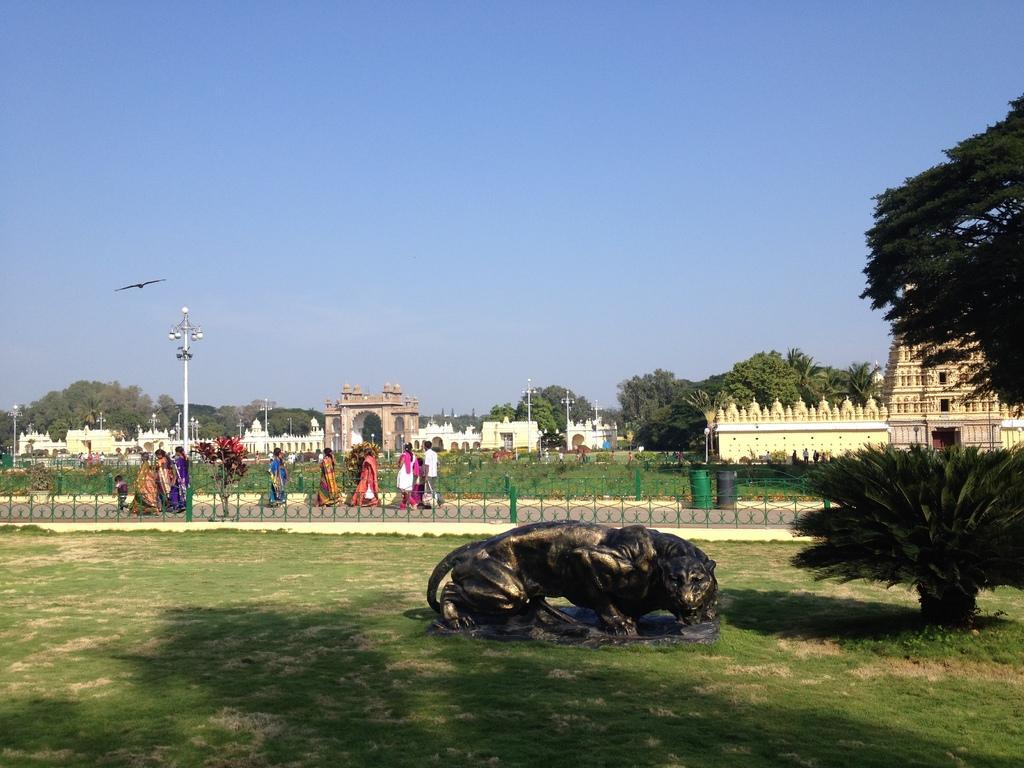Describe this image in one or two sentences. In this image we can see one temple, so many buildings, some people are walking on the road, one garden, some people standing, some poles with lights. There are so many trees, plants, bushes, some objects are on the surface, one statue and some green grass on the ground. One bird flying in the sky and some people are holding some objects. 
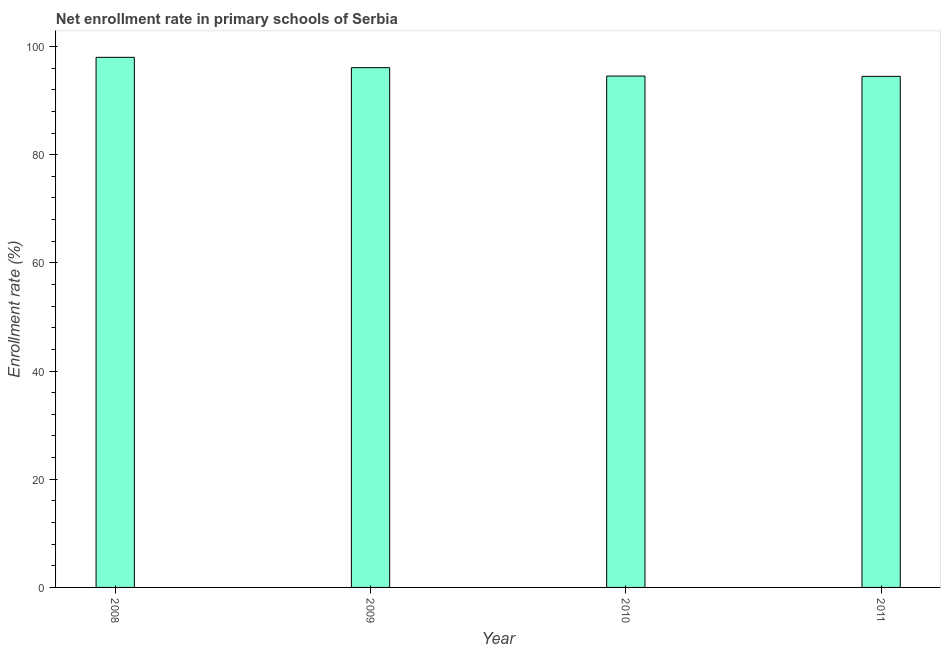What is the title of the graph?
Make the answer very short. Net enrollment rate in primary schools of Serbia. What is the label or title of the X-axis?
Give a very brief answer. Year. What is the label or title of the Y-axis?
Provide a succinct answer. Enrollment rate (%). What is the net enrollment rate in primary schools in 2010?
Ensure brevity in your answer.  94.54. Across all years, what is the maximum net enrollment rate in primary schools?
Provide a succinct answer. 98. Across all years, what is the minimum net enrollment rate in primary schools?
Make the answer very short. 94.48. What is the sum of the net enrollment rate in primary schools?
Keep it short and to the point. 383.1. What is the difference between the net enrollment rate in primary schools in 2008 and 2010?
Provide a short and direct response. 3.46. What is the average net enrollment rate in primary schools per year?
Ensure brevity in your answer.  95.78. What is the median net enrollment rate in primary schools?
Offer a very short reply. 95.31. Do a majority of the years between 2008 and 2009 (inclusive) have net enrollment rate in primary schools greater than 72 %?
Make the answer very short. Yes. What is the ratio of the net enrollment rate in primary schools in 2008 to that in 2011?
Make the answer very short. 1.04. Is the difference between the net enrollment rate in primary schools in 2008 and 2011 greater than the difference between any two years?
Your response must be concise. Yes. What is the difference between the highest and the second highest net enrollment rate in primary schools?
Provide a short and direct response. 1.91. What is the difference between the highest and the lowest net enrollment rate in primary schools?
Ensure brevity in your answer.  3.52. Are the values on the major ticks of Y-axis written in scientific E-notation?
Your answer should be very brief. No. What is the Enrollment rate (%) of 2008?
Make the answer very short. 98. What is the Enrollment rate (%) of 2009?
Ensure brevity in your answer.  96.09. What is the Enrollment rate (%) in 2010?
Keep it short and to the point. 94.54. What is the Enrollment rate (%) in 2011?
Your answer should be compact. 94.48. What is the difference between the Enrollment rate (%) in 2008 and 2009?
Keep it short and to the point. 1.91. What is the difference between the Enrollment rate (%) in 2008 and 2010?
Offer a terse response. 3.46. What is the difference between the Enrollment rate (%) in 2008 and 2011?
Offer a terse response. 3.52. What is the difference between the Enrollment rate (%) in 2009 and 2010?
Give a very brief answer. 1.55. What is the difference between the Enrollment rate (%) in 2009 and 2011?
Provide a short and direct response. 1.61. What is the difference between the Enrollment rate (%) in 2010 and 2011?
Ensure brevity in your answer.  0.05. What is the ratio of the Enrollment rate (%) in 2009 to that in 2010?
Give a very brief answer. 1.02. What is the ratio of the Enrollment rate (%) in 2009 to that in 2011?
Make the answer very short. 1.02.

-- -- --

* **AIM OF THE EXERCISE**
In the entries above, restate word for word the lines between the one holding "Your response must" and the one holding "Keep it short and to the point. 1.91.", inclusive, and nothing besides.

* **WRITTEN SOLUTION**
Your response must be concise. Yes. What is the difference between the highest and the second highest net enrollment rate in primary schools?
Provide a short and direct response. 1.91. What is the difference between the highest and the lowest net enrollment rate in primary schools?
Ensure brevity in your answer.  3.52. Are the values on the major ticks of Y-axis written in scientific E-notation?
Your answer should be very brief. No. What is the Enrollment rate (%) of 2008?
Make the answer very short. 98. What is the Enrollment rate (%) of 2009?
Ensure brevity in your answer.  96.09. What is the Enrollment rate (%) in 2010?
Keep it short and to the point. 94.54. What is the Enrollment rate (%) in 2011?
Your answer should be compact. 94.48. What is the difference between the Enrollment rate (%) in 2008 and 2009?
Keep it short and to the point. 1.91. What is the difference between the Enrollment rate (%) in 2008 and 2010?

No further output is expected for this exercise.